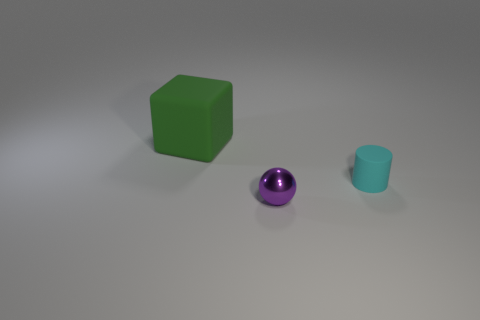There is a thing that is in front of the large rubber thing and behind the small purple ball; what is its size?
Your response must be concise. Small. There is a purple shiny thing that is the same size as the cyan thing; what shape is it?
Your answer should be very brief. Sphere. How big is the shiny thing?
Make the answer very short. Small. There is a object that is in front of the tiny cyan matte object; is its size the same as the matte thing on the right side of the large rubber block?
Ensure brevity in your answer.  Yes. Are there the same number of tiny purple spheres left of the green rubber cube and metal spheres?
Offer a terse response. No. There is a sphere; is its size the same as the rubber thing in front of the big green object?
Provide a succinct answer. Yes. How many blocks are the same material as the tiny cyan object?
Give a very brief answer. 1. Does the cyan cylinder have the same size as the block?
Ensure brevity in your answer.  No. There is a object that is left of the cyan matte cylinder and in front of the big block; what is its shape?
Your response must be concise. Sphere. There is a thing that is on the left side of the tiny purple ball; what is its size?
Your answer should be compact. Large. 
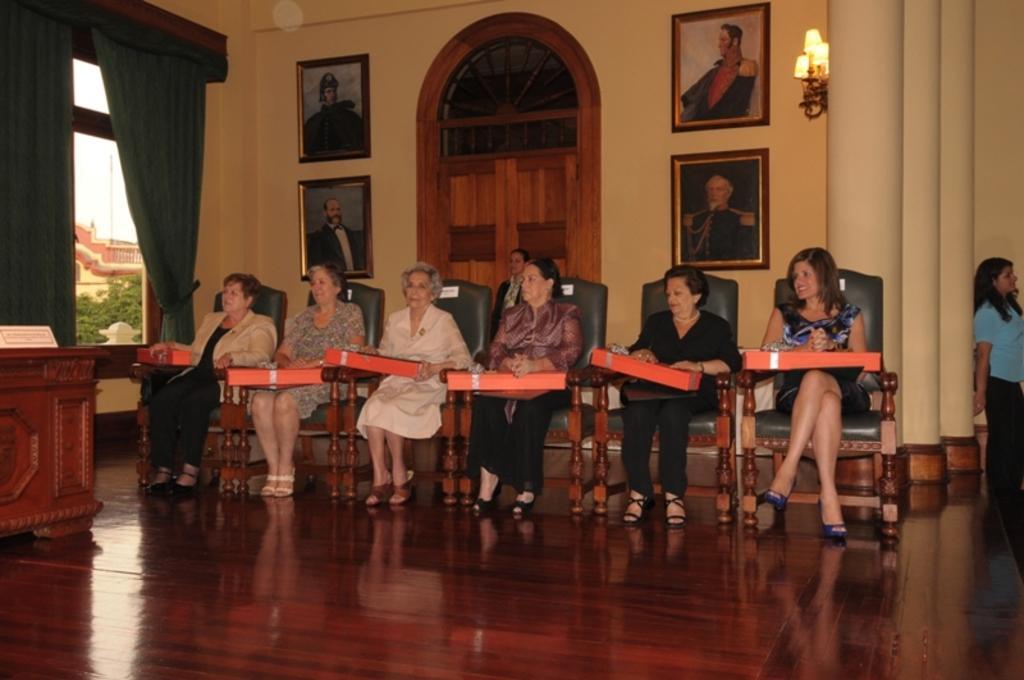Could you give a brief overview of what you see in this image? There are six women sitting on the chairs and all of them are holding red color boxes in their hands. Behind them, we see a white wall on which four photo frames are placed. Beside that, we see lights and pillars. On left corner of the picture, we see a window from which buildings and trees are visible. We even see curtains and table. This picture might be clicked inside the room. 
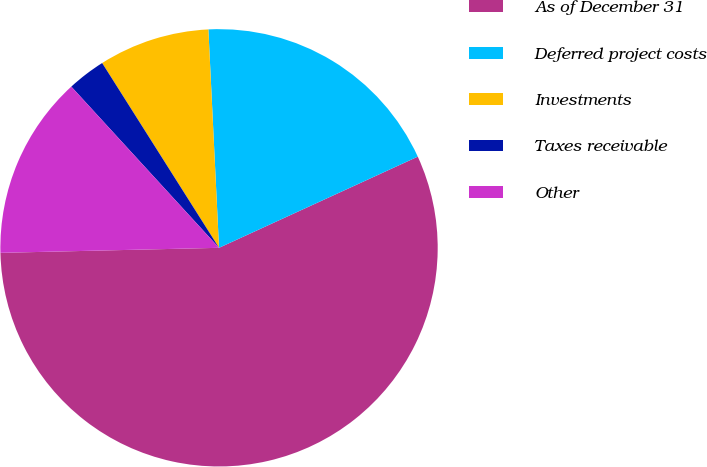<chart> <loc_0><loc_0><loc_500><loc_500><pie_chart><fcel>As of December 31<fcel>Deferred project costs<fcel>Investments<fcel>Taxes receivable<fcel>Other<nl><fcel>56.48%<fcel>18.93%<fcel>8.2%<fcel>2.83%<fcel>13.56%<nl></chart>

▶ [EXERCISE AIM]: Restate the data word for word, minus any images.

▶ [RESPONSE AREA]:
There is a thing that is in front of the large rubber thing and behind the small purple ball; what is its size?
Your response must be concise. Small. There is a purple shiny thing that is the same size as the cyan thing; what shape is it?
Your answer should be very brief. Sphere. How big is the shiny thing?
Make the answer very short. Small. There is a object that is in front of the tiny cyan matte object; is its size the same as the matte thing on the right side of the large rubber block?
Ensure brevity in your answer.  Yes. Are there the same number of tiny purple spheres left of the green rubber cube and metal spheres?
Offer a terse response. No. There is a sphere; is its size the same as the rubber thing in front of the big green object?
Provide a succinct answer. Yes. How many blocks are the same material as the tiny cyan object?
Give a very brief answer. 1. Does the cyan cylinder have the same size as the block?
Ensure brevity in your answer.  No. There is a object that is left of the cyan matte cylinder and in front of the big block; what is its shape?
Your response must be concise. Sphere. There is a thing that is on the left side of the tiny purple ball; what is its size?
Your answer should be compact. Large. 
Could you give a brief overview of what you see in this image? There are six women sitting on the chairs and all of them are holding red color boxes in their hands. Behind them, we see a white wall on which four photo frames are placed. Beside that, we see lights and pillars. On left corner of the picture, we see a window from which buildings and trees are visible. We even see curtains and table. This picture might be clicked inside the room. 
<chart> <loc_0><loc_0><loc_500><loc_500><pie_chart><fcel>As of December 31<fcel>Deferred project costs<fcel>Investments<fcel>Taxes receivable<fcel>Other<nl><fcel>56.48%<fcel>18.93%<fcel>8.2%<fcel>2.83%<fcel>13.56%<nl></chart>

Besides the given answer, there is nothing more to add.